Planning for the worst

A contractor's rights in relation to the upstream asset and its counterparties are principally covered in the petroleum contract and the JOA or joint venture agreement between the parties. The position of the defaulting co-venturer under the JOA is dealt with similarly whether an unincorporated or incorporated joint venture is in place, both of which are common in the Middle East region.

Typically a party in default loses the right to attend operating committee meetings or to vote on any matter before the operating committee; loses the right to its participating share of any hydrocarbons; gives the non-defaulting co-venturers the right to step in to remedy the defaulting party's default; and, if the defaulting party does not remedy its default after a period of time, it can be compelled to withdraw from the JOA.

A well-drafted JOA is set up to allow a defaulting party to be excluded swiftly and its interest to ultimately be acquired by the continuing co-venturers, which allows the joint venture to continue operations in such a way as to ensure that the underlying obligations of the joint venture to third parties, for example under the petroleum contract, will be performed. The risk to the non-defaulting parties is that any failure of the remedies mechanism to work can result in losses and liabilities for all parties under the JOA.
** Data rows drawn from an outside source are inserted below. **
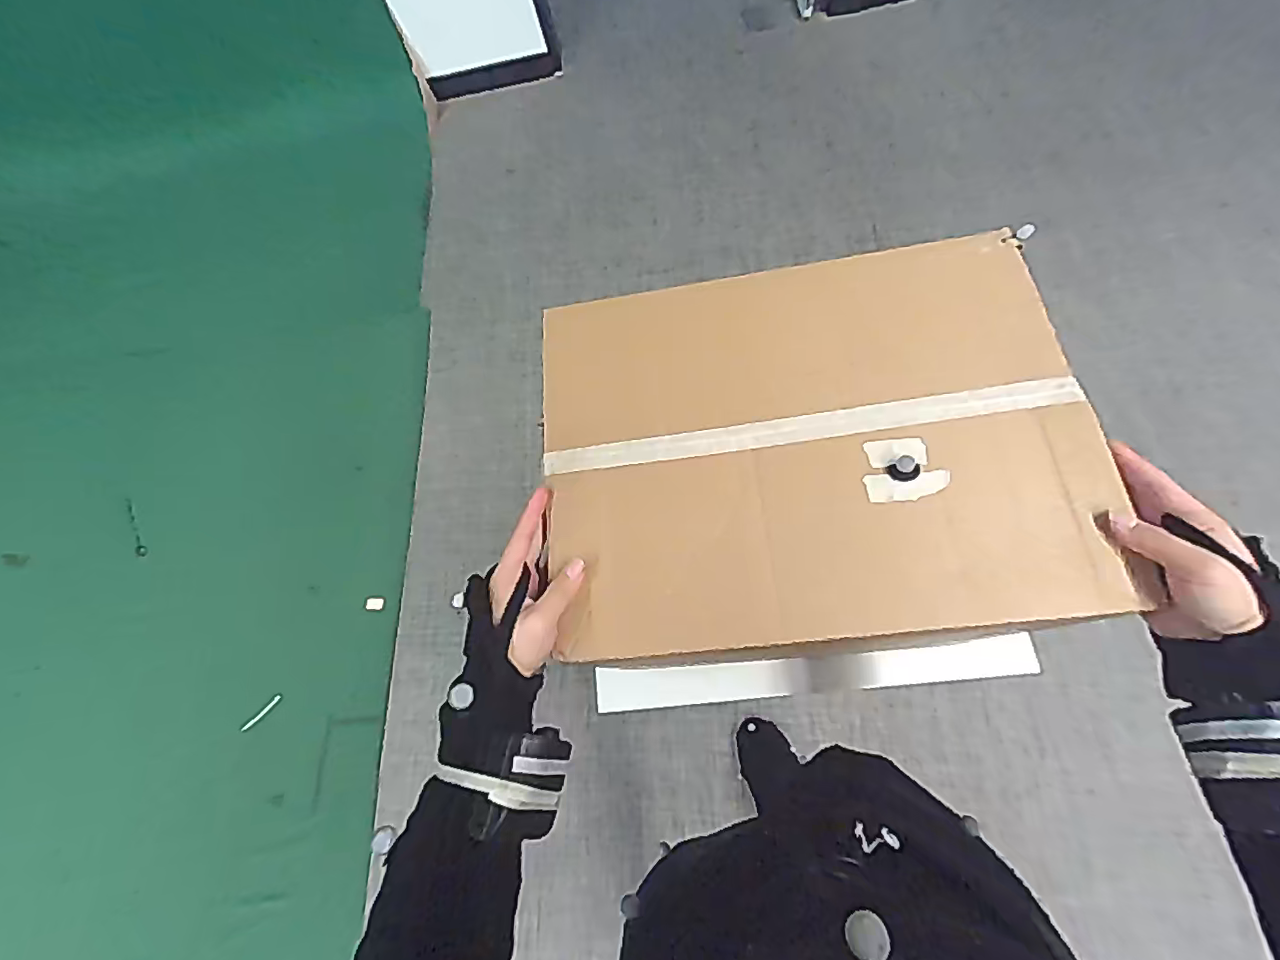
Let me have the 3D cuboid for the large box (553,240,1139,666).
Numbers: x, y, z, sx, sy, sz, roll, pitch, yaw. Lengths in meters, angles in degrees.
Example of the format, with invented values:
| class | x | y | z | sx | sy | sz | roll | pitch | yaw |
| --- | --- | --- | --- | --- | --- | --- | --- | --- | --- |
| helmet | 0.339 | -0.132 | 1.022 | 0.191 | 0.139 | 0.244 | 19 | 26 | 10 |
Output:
| class | x | y | z | sx | sy | sz | roll | pitch | yaw |
| --- | --- | --- | --- | --- | --- | --- | --- | --- | --- |
| large box | 0.146 | 0.012 | 0.570 | 0.408 | 0.320 | 0.320 | -7 | 70 | 6 |

Risk scenario planning for oil and gas companies globally is essential and is particularly important in the current climate of uncertainty around Covid-19 and the oil price.

Companies need to understand their rights under their petroleum contract, JOA and any related contracts in relation to counterparty breach. They should identify what is force majeure and what is not, and make sure they understand the contractual domino effect – what are the rights, remedies, responsibilities and liabilities under related contracts if there is a defaulting co-venturer under the JOA?
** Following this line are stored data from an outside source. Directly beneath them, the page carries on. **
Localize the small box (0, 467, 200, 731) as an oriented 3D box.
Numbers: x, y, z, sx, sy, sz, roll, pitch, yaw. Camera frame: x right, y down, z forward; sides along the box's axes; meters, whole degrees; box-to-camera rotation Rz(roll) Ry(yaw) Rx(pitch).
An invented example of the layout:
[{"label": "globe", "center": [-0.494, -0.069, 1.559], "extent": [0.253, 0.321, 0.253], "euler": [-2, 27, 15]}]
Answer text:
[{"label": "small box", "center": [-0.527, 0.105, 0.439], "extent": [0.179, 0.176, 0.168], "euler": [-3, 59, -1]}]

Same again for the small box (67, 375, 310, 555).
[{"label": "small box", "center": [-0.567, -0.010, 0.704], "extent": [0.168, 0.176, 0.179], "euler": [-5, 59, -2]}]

Ideally, related contracts will approach a particular default event consistently – but this is not always the case, particularly where relevant documents are historic, where there have been many iterations of relevant contracts or where model form contracts were adopted without regard to the particular project specifics.
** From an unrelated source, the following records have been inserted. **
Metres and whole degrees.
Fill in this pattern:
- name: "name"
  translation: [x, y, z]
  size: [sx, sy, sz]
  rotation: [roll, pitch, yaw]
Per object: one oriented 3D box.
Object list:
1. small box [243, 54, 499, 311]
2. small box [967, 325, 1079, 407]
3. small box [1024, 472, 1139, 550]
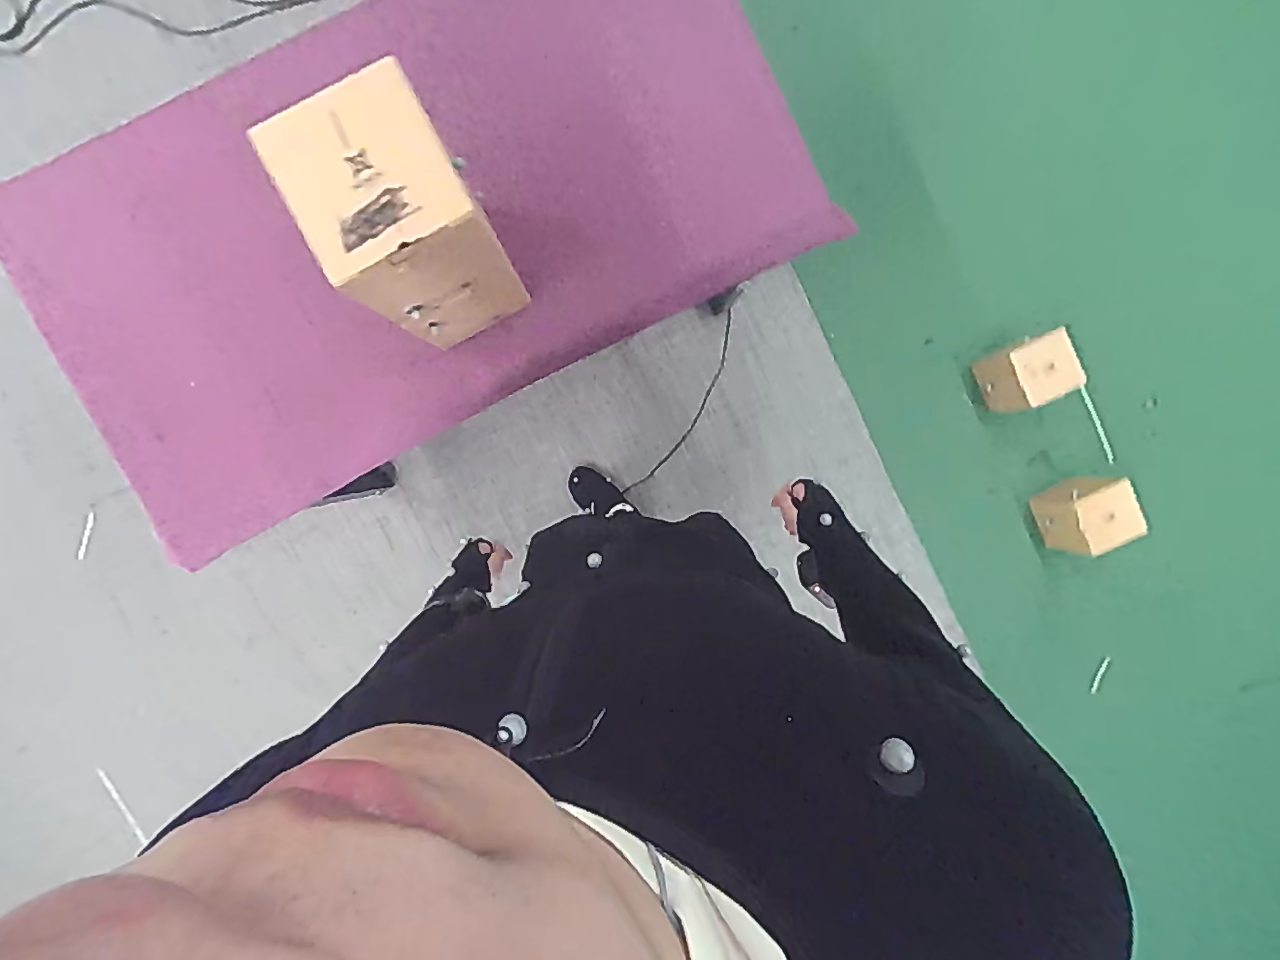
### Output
- name: "small box"
  translation: [-0.284, -0.313, 0.618]
  size: [0.168, 0.176, 0.179]
  rotation: [-28, 93, 0]
- name: "small box"
  translation: [1.102, -0.325, 1.568]
  size: [0.179, 0.176, 0.168]
  rotation: [-26, 94, -1]
- name: "small box"
  translation: [1.302, 0.084, 1.604]
  size: [0.179, 0.176, 0.168]
  rotation: [-25, 95, 0]

Companies should define the most likely default scenarios and work through how the contract suite will apply. Time limits and forms of document which may be required to enable rights to be exercised and claims to be lodged should be noted, and pre-default procedures such as cash call procedures should be properly followed and documented.

All legal rights should be reserved through a “standstill” agreement. A two-pronged approach is often best in default situations, involving negotiations to seek a pragmatic commercial resolution to the default, but companies should be wary of unwittingly waiving their rights.

Co-venturers should also seek to understand whether the contractual dispute process will help or hinder the situation, and whether its determination or judgment can be enforced.

Particularly for a large international oil company or government hosting and investing in a wide range of projects domestically and overseas, it is important to ensure you are communicating effectively internally. Issues to keep in mind include any business relationships elsewhere with the defaulting party, and the public reputation of the company. It is critical to identify who within the organisation has the understanding and authority to make sometimes necessarily swift decisions on sometimes conflicting interests.

Within the oil and gas industry there is currently a huge focus on discretionary spend and how this can be reduced. The resource needed to fulfil this exercise should not be considered as such, but a necessary response to the environment we are in.